In the wildly eccentric production of “Eat the Runt” at San Jose’s Renegade Theatre Experiment, there’s lots of great enlightenment and entertainment. Such as:
- President Barack Obama is actually the 7th African-American president.
- Cheese made from breast milk is quite tasty.
- It must be extremely painful to go through puberty at 7-months-old.
The Renegade’s zippy theatre piece “Eat the Runt,” written by Avery Crozier and directed by RTE’s artistic director Sean C. Murphy is a quick-witted, fresh piece of satire that keeps the audience moving along at breakneck speed. The snappy dialogue performed by actor’s who literally received the role just a few minutes prior, moves at a frenetic pace, feeling as if it is on-the-edge improvisation. But quite marvelously, it is not.
The show features a whole lot of style and a large driving, pulsing degree of substance. It is time for a museum to hire a new grant writer. The candidate is then thrown into a maze of wily situations and personal agendas that keep the pacing of the show moving forward.

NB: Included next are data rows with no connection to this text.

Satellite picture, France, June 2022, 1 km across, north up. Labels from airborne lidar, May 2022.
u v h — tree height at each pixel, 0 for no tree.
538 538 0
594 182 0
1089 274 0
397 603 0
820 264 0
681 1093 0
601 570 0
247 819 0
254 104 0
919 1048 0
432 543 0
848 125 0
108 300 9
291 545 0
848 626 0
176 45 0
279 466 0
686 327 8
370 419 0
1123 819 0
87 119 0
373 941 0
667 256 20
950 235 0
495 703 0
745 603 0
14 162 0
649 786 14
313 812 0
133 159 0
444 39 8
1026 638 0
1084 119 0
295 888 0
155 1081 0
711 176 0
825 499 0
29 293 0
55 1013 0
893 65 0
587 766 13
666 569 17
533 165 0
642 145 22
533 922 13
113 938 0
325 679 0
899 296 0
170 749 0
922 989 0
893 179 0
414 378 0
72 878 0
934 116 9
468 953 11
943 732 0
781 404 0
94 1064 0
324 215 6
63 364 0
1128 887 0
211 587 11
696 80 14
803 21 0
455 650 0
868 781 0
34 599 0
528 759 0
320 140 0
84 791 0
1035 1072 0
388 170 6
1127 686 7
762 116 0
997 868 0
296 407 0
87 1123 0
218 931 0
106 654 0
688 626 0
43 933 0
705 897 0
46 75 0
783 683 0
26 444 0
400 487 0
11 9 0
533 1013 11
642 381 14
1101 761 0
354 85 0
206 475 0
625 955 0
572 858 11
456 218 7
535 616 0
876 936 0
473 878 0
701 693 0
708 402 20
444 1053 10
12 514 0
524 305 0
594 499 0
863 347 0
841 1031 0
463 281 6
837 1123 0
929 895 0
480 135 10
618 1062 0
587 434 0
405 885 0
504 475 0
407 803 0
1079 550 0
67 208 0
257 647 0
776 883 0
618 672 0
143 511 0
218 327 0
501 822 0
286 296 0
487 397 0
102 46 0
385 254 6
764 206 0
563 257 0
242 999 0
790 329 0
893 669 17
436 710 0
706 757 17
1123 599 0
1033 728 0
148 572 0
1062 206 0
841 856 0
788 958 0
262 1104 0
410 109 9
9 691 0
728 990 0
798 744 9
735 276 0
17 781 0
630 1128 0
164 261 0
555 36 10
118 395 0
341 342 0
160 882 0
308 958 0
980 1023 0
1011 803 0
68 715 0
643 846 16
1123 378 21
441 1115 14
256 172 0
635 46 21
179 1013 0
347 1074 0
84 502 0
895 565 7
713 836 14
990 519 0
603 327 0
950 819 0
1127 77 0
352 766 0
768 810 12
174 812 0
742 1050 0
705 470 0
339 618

What makes the show so fresh though is the casting process, decided by the audience with the help of the ringmaster general Murphy. Each actor comes out and gives the audience a taste of what they will be casting. The audience goes nuts for their favorite performer based on the descriptions of the characters. A nifty sound gage projected on a screen measures the decibel level of the crowd. And once the casting is complete, the play commences with a non-gender specific plethora of names like “Pinky,” “Chris” and “Merritt,”and situations are created which become either more funny or more awkward based on who’s playing the role that night.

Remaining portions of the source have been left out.